**HOW TO COMPLETE THIS TASK:** The lines wanted are those in the data below that include "airborne".

Collected data
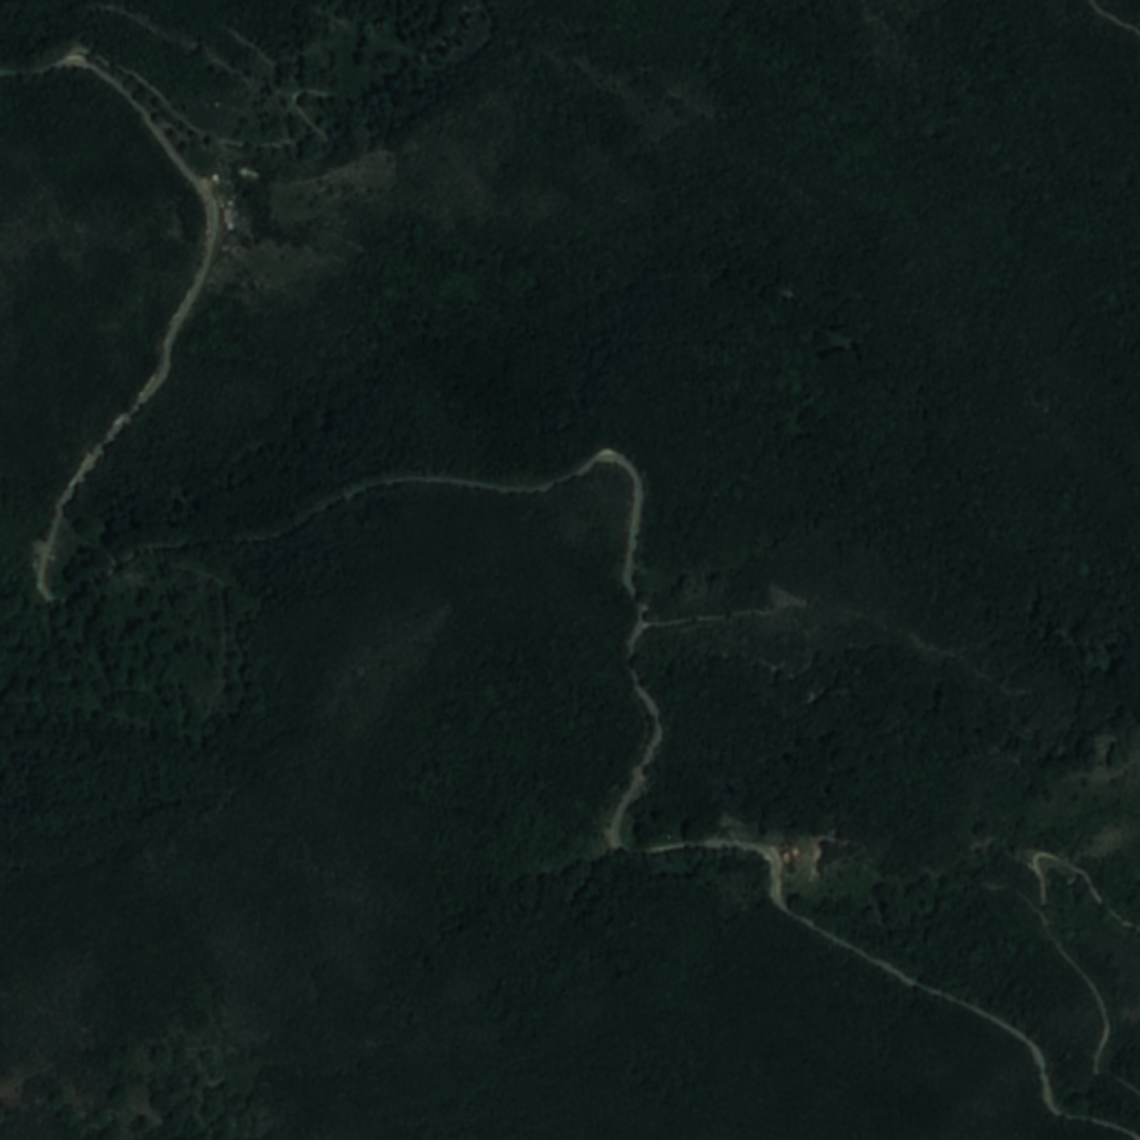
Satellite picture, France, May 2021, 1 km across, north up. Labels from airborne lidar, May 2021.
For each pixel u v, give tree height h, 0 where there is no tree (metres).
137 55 10
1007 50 11
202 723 14
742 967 8
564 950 16
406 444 13
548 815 11
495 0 12
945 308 6
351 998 8
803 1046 7
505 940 8
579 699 10
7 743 7
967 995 9
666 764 7
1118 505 6
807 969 7
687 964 6
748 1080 7
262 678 8
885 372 21
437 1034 7
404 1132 7
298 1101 6
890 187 10
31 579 7
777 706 15
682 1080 8
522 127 6
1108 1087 8
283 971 6
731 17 17
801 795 16
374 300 14
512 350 27
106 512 20
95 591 19
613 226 7
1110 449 6
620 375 9
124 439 15
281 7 16
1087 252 8
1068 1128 8
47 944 6
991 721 19
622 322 11
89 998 6
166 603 8
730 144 9
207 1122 8
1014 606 11
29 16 11
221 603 10
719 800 23
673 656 7
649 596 13
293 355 8
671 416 9
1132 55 7
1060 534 11
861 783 14
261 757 10
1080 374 9
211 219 0
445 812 7
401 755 7
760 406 17
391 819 7
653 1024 9
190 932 5
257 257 0
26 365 6
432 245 11
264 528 13
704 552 9
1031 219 15
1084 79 6
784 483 9
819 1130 7
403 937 6
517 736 11
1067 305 9
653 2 8
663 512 11
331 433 18
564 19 9
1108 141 9
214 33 11
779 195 9
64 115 7
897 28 6
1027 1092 9
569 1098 7
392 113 20
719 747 9
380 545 8
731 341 13
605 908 11
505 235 7
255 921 6
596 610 7
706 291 18
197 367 8
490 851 8
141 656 16
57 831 6
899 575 11
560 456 11
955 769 10
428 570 5
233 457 14
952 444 12
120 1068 7
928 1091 7
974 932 6
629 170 7
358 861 6
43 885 8
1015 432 6
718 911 10
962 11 9
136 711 18
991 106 9
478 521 6
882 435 18
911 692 28
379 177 0
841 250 12
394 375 18
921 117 16
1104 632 22
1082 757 16
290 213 0
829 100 17
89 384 7
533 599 6
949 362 9
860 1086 7
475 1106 9
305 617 8
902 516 16
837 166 11
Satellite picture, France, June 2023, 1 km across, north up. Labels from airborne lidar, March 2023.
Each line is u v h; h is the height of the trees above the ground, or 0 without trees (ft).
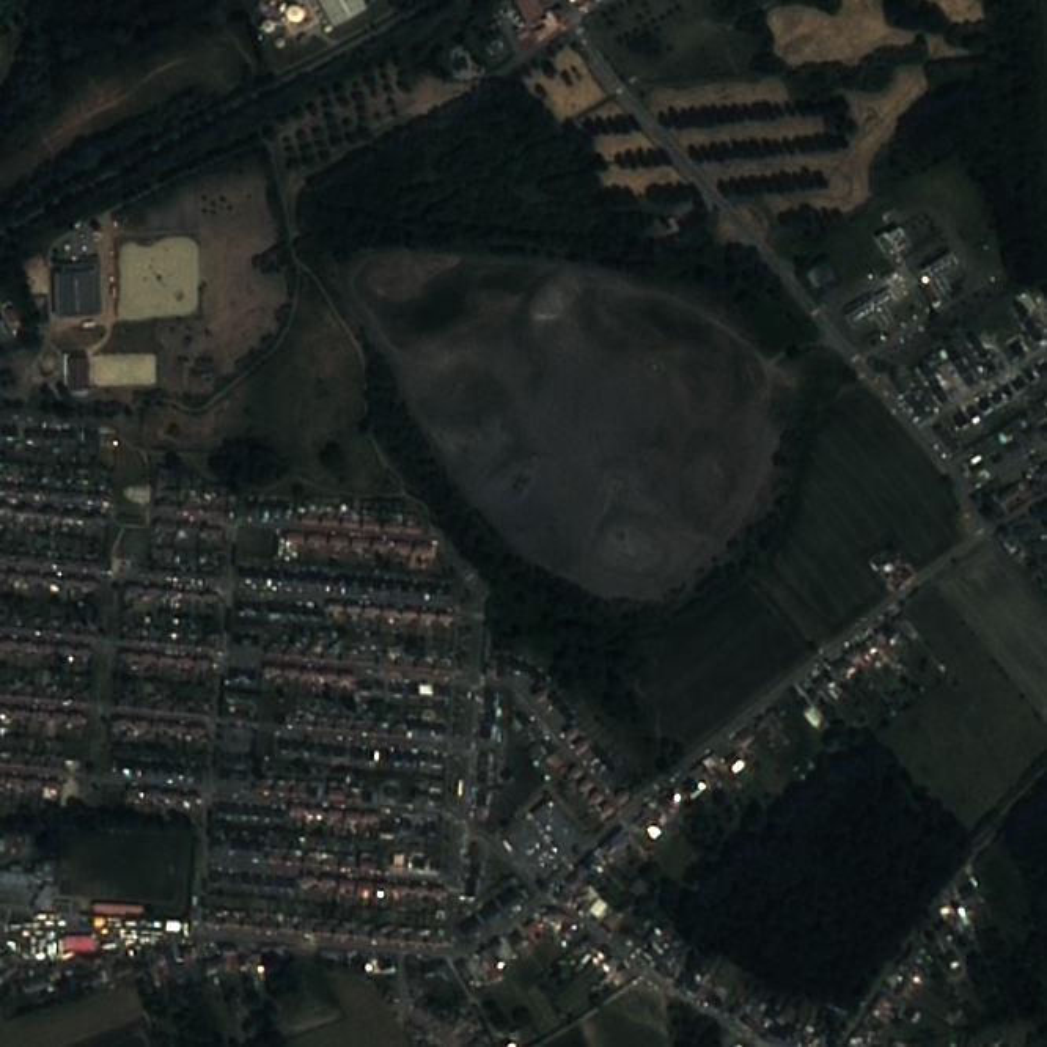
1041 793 50
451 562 0
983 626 0
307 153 23
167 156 44
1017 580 0
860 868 81
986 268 0
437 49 40
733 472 0
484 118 30
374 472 0
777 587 0
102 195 21
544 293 0
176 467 49
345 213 36
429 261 0
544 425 0
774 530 37
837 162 0
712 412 0
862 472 0
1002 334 0
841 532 0
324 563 0
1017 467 0
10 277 36
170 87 0
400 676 0
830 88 19
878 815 76
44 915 0
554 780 0
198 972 0
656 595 0
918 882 69
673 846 0
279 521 0
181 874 0
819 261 20
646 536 0
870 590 0
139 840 0
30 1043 0
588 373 0
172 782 0
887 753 63
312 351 0
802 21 0
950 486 27
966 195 0
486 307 0
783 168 0
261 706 0
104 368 0
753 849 94
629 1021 0
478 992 0
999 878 0
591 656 46
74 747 0
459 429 0
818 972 50
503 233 37
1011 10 22
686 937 65
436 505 24
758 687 0
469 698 0
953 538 0
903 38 0
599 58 0
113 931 0
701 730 0
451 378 0
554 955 0
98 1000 0
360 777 24
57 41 88
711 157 30
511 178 20
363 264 0
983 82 31
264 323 0
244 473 43
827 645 0
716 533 0
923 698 0
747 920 74
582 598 29
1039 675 0
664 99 0
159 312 0
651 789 0
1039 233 23
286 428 0
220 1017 0
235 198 0
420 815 0
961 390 0
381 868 0
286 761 0
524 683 0
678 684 0
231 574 0
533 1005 0
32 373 0
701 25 0
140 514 0
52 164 26
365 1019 0
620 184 0
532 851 0
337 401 0
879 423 0
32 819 24
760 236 0
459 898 0
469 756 0
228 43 0
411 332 0
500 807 0
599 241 45
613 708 19
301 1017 0
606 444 0
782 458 39
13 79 38
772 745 0
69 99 0
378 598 0
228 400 0
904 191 0
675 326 0
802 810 100
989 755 0
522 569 35
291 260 21
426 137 29
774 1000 26
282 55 0
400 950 0
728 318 0
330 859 0
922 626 0
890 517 0
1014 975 39
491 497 0
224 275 0
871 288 0
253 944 0
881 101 0
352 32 0
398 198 35
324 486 0
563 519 0
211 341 0
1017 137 18
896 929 63
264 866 0
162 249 0
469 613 0
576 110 0
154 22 79
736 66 0
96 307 0
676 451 0
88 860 0
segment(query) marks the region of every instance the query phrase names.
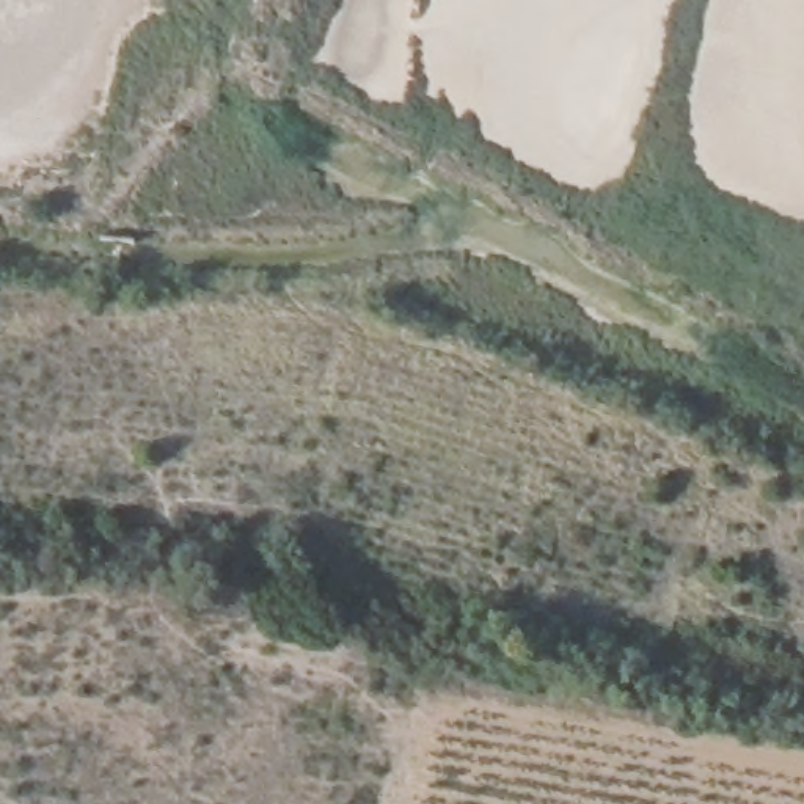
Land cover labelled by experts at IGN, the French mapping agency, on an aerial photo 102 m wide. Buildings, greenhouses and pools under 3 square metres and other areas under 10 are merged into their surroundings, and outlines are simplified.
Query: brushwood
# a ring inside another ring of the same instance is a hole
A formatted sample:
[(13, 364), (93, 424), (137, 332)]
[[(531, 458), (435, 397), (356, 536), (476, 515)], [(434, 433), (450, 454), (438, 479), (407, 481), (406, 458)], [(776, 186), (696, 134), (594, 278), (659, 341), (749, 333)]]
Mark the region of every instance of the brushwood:
[(672, 273), (678, 280), (682, 295), (716, 292), (729, 311), (754, 314), (754, 323), (747, 323), (744, 330), (725, 327), (710, 333), (707, 352), (719, 364), (719, 380), (710, 389), (732, 399), (747, 415), (769, 415), (779, 424), (788, 424), (795, 433), (804, 433), (804, 220), (782, 217), (757, 201), (716, 188), (694, 157), (691, 79), (704, 41), (704, 16), (710, 0), (672, 0), (666, 16), (663, 66), (650, 88), (650, 101), (634, 126), (631, 163), (625, 166), (622, 179), (590, 188), (594, 198), (584, 204), (584, 210), (578, 210), (568, 220), (578, 232), (587, 236), (587, 242), (594, 236), (603, 236), (609, 245), (641, 254), (653, 270)]

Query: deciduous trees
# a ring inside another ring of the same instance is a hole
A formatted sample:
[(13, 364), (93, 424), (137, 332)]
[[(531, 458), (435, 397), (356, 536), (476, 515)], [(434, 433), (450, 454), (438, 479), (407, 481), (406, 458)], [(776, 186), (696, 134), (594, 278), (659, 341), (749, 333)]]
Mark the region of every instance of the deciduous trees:
[(779, 424), (769, 415), (747, 415), (732, 399), (710, 389), (691, 386), (688, 380), (678, 380), (669, 371), (625, 367), (616, 355), (594, 352), (587, 339), (562, 327), (553, 333), (553, 342), (540, 342), (537, 336), (512, 330), (503, 320), (481, 320), (471, 333), (471, 342), (484, 352), (503, 355), (512, 364), (515, 358), (534, 355), (537, 374), (572, 386), (578, 396), (619, 411), (653, 418), (666, 430), (697, 437), (713, 455), (713, 474), (729, 487), (747, 487), (751, 468), (769, 465), (776, 468), (776, 481), (769, 481), (763, 493), (782, 503), (804, 499), (804, 433), (795, 433), (788, 424)]
[(0, 239), (0, 286), (22, 283), (44, 292), (63, 289), (72, 298), (85, 302), (94, 314), (110, 311), (110, 305), (129, 283), (141, 286), (144, 302), (151, 308), (176, 305), (195, 295), (236, 305), (242, 295), (264, 292), (273, 295), (280, 305), (323, 302), (333, 308), (371, 311), (386, 323), (421, 330), (427, 339), (452, 336), (455, 323), (462, 320), (462, 308), (440, 302), (424, 283), (374, 286), (374, 267), (361, 267), (358, 273), (317, 273), (302, 270), (302, 264), (261, 264), (258, 273), (251, 273), (226, 270), (217, 254), (185, 264), (166, 258), (157, 248), (132, 248), (129, 254), (110, 258), (97, 270), (91, 270), (79, 251), (41, 251), (28, 242)]
[(521, 584), (509, 590), (455, 590), (443, 578), (430, 578), (427, 584), (399, 584), (393, 575), (380, 568), (380, 562), (367, 559), (355, 546), (349, 521), (342, 521), (339, 515), (292, 518), (280, 512), (254, 512), (239, 518), (232, 512), (179, 509), (173, 518), (163, 518), (151, 506), (97, 506), (91, 499), (38, 496), (28, 506), (0, 503), (0, 590), (66, 594), (79, 590), (82, 584), (104, 584), (107, 590), (163, 590), (182, 597), (185, 631), (195, 622), (204, 622), (207, 616), (226, 612), (239, 603), (267, 638), (280, 638), (308, 650), (364, 644), (371, 691), (393, 697), (399, 707), (411, 707), (415, 704), (415, 691), (462, 694), (471, 682), (537, 700), (553, 688), (556, 666), (562, 663), (572, 669), (578, 685), (587, 675), (600, 672), (600, 694), (606, 694), (609, 688), (622, 691), (628, 697), (628, 710), (638, 710), (634, 716), (641, 722), (691, 735), (732, 735), (741, 744), (776, 744), (804, 751), (804, 634), (791, 638), (785, 631), (754, 625), (747, 638), (738, 638), (741, 619), (735, 616), (707, 622), (675, 619), (672, 625), (656, 625), (616, 603), (600, 603), (581, 590), (543, 597)]

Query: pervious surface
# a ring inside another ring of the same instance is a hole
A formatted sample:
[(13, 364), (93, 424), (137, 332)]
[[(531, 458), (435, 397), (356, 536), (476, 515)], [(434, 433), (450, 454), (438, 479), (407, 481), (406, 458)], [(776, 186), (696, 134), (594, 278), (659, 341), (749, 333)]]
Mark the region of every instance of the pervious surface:
[(550, 173), (556, 182), (590, 188), (622, 179), (625, 166), (631, 163), (634, 126), (650, 101), (650, 88), (663, 66), (666, 16), (672, 0), (342, 0), (339, 13), (327, 28), (323, 47), (317, 50), (317, 63), (342, 69), (345, 79), (364, 88), (374, 101), (402, 101), (411, 72), (408, 38), (421, 38), (430, 97), (446, 97), (459, 116), (474, 113), (481, 119), (484, 138), (509, 148), (515, 160)]
[(710, 0), (704, 16), (704, 41), (691, 79), (694, 157), (716, 188), (757, 201), (782, 217), (804, 220), (804, 0)]
[(31, 154), (63, 157), (63, 138), (72, 129), (79, 129), (88, 116), (91, 94), (113, 88), (119, 47), (138, 22), (151, 16), (151, 0), (0, 0), (0, 185), (19, 182)]

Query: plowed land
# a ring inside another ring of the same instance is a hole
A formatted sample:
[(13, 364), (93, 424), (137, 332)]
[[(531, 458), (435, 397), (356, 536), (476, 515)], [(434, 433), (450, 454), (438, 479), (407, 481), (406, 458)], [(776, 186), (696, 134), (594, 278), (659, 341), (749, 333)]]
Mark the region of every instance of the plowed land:
[(788, 782), (779, 782), (776, 776), (747, 776), (747, 782), (804, 791), (804, 751), (776, 744), (741, 744), (732, 735), (691, 735), (685, 754), (691, 757), (691, 776), (729, 779), (729, 773), (719, 773), (716, 763), (760, 766), (791, 773)]
[(383, 779), (377, 804), (421, 804), (437, 779), (433, 751), (459, 751), (459, 744), (440, 741), (443, 729), (421, 704), (415, 704), (411, 707), (411, 716), (405, 722), (383, 725), (393, 769)]

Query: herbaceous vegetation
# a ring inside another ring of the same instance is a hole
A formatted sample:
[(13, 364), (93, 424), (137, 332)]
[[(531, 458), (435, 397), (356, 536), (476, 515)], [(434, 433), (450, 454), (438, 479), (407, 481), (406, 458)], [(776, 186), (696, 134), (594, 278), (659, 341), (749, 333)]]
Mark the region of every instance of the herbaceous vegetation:
[(741, 619), (738, 638), (747, 638), (754, 625), (785, 631), (791, 638), (804, 634), (804, 499), (782, 503), (763, 493), (769, 481), (776, 481), (776, 468), (769, 465), (751, 468), (747, 487), (729, 487), (713, 474), (713, 455), (697, 437), (666, 430), (653, 418), (619, 411), (578, 396), (572, 386), (537, 374), (534, 355), (515, 358), (512, 364), (503, 355), (484, 352), (471, 342), (471, 333), (481, 320), (503, 320), (512, 330), (537, 336), (540, 342), (553, 342), (553, 333), (562, 327), (587, 339), (594, 352), (616, 355), (625, 367), (669, 371), (678, 380), (688, 380), (691, 386), (710, 389), (719, 380), (719, 364), (707, 352), (710, 333), (725, 327), (744, 330), (747, 323), (754, 323), (754, 314), (729, 311), (716, 292), (682, 295), (678, 280), (672, 273), (653, 270), (641, 254), (609, 245), (603, 236), (594, 236), (587, 242), (587, 236), (578, 232), (568, 220), (578, 210), (584, 210), (584, 204), (594, 198), (590, 188), (556, 182), (550, 173), (515, 160), (509, 148), (484, 138), (481, 119), (474, 113), (459, 116), (446, 97), (430, 97), (421, 38), (408, 38), (411, 72), (402, 101), (374, 101), (364, 88), (345, 79), (342, 69), (317, 63), (317, 50), (323, 47), (327, 28), (339, 13), (342, 0), (151, 0), (151, 16), (138, 22), (119, 47), (113, 88), (91, 94), (88, 116), (79, 129), (72, 129), (63, 138), (63, 157), (31, 154), (19, 182), (0, 185), (0, 239), (28, 242), (41, 251), (79, 251), (91, 270), (97, 270), (110, 258), (129, 254), (132, 248), (157, 248), (166, 258), (185, 264), (217, 254), (226, 270), (251, 273), (258, 273), (261, 264), (302, 264), (302, 270), (317, 273), (358, 273), (361, 267), (374, 267), (374, 286), (424, 283), (440, 302), (462, 308), (462, 320), (455, 323), (452, 336), (427, 339), (421, 330), (386, 323), (371, 311), (333, 308), (323, 302), (280, 305), (273, 295), (264, 292), (242, 295), (236, 305), (195, 295), (176, 305), (151, 308), (144, 302), (141, 286), (129, 283), (110, 305), (110, 311), (94, 314), (85, 302), (72, 298), (63, 289), (44, 292), (22, 283), (0, 286), (0, 503), (28, 506), (38, 496), (91, 499), (97, 506), (151, 506), (163, 518), (173, 518), (179, 509), (232, 512), (239, 518), (254, 512), (280, 512), (292, 518), (339, 515), (342, 521), (349, 521), (355, 546), (367, 559), (380, 562), (380, 568), (393, 575), (399, 584), (427, 584), (430, 578), (443, 578), (455, 590), (509, 590), (521, 584), (543, 597), (581, 590), (600, 603), (616, 603), (656, 625), (672, 625), (675, 619), (707, 622), (735, 616)]

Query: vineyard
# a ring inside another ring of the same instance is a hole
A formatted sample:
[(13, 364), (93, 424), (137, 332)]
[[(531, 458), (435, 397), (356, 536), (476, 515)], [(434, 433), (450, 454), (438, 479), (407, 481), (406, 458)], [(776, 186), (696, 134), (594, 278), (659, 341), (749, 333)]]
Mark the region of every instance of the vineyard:
[(691, 776), (691, 757), (685, 754), (691, 735), (641, 722), (634, 716), (638, 710), (628, 710), (628, 697), (622, 691), (609, 688), (606, 694), (600, 694), (600, 672), (587, 675), (578, 685), (572, 669), (562, 663), (556, 666), (553, 688), (537, 700), (471, 682), (462, 694), (415, 691), (415, 704), (421, 704), (443, 729), (440, 741), (459, 744), (459, 751), (433, 751), (437, 779), (421, 804), (804, 804), (804, 791), (747, 782), (747, 776), (776, 776), (779, 782), (788, 782), (791, 773), (760, 766), (716, 763), (719, 773), (729, 773), (729, 779)]
[(411, 716), (411, 707), (399, 707), (393, 697), (371, 691), (364, 644), (308, 650), (280, 638), (267, 638), (239, 603), (226, 612), (207, 616), (204, 622), (195, 622), (185, 631), (182, 597), (163, 590), (107, 590), (104, 584), (82, 584), (79, 590), (66, 594), (0, 590), (0, 804), (377, 804), (383, 779), (393, 769), (383, 725), (405, 722)]

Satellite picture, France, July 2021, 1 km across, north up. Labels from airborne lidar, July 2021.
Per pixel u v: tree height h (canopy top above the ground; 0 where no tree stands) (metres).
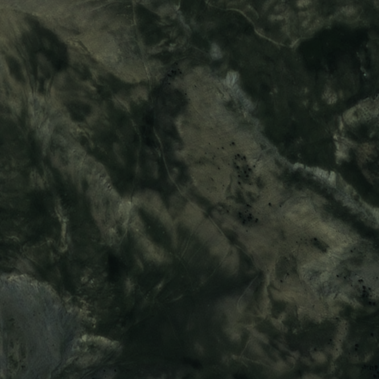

**TASK RESULT:**
Satellite picture, France, May 2021, 1 km across, north up. Labels from airborne lidar, May 2021.
Satellite picture, France, June 2023, 1 km across, north up. Labels from airborne lidar, March 2023.
Satellite picture, France, July 2021, 1 km across, north up. Labels from airborne lidar, July 2021.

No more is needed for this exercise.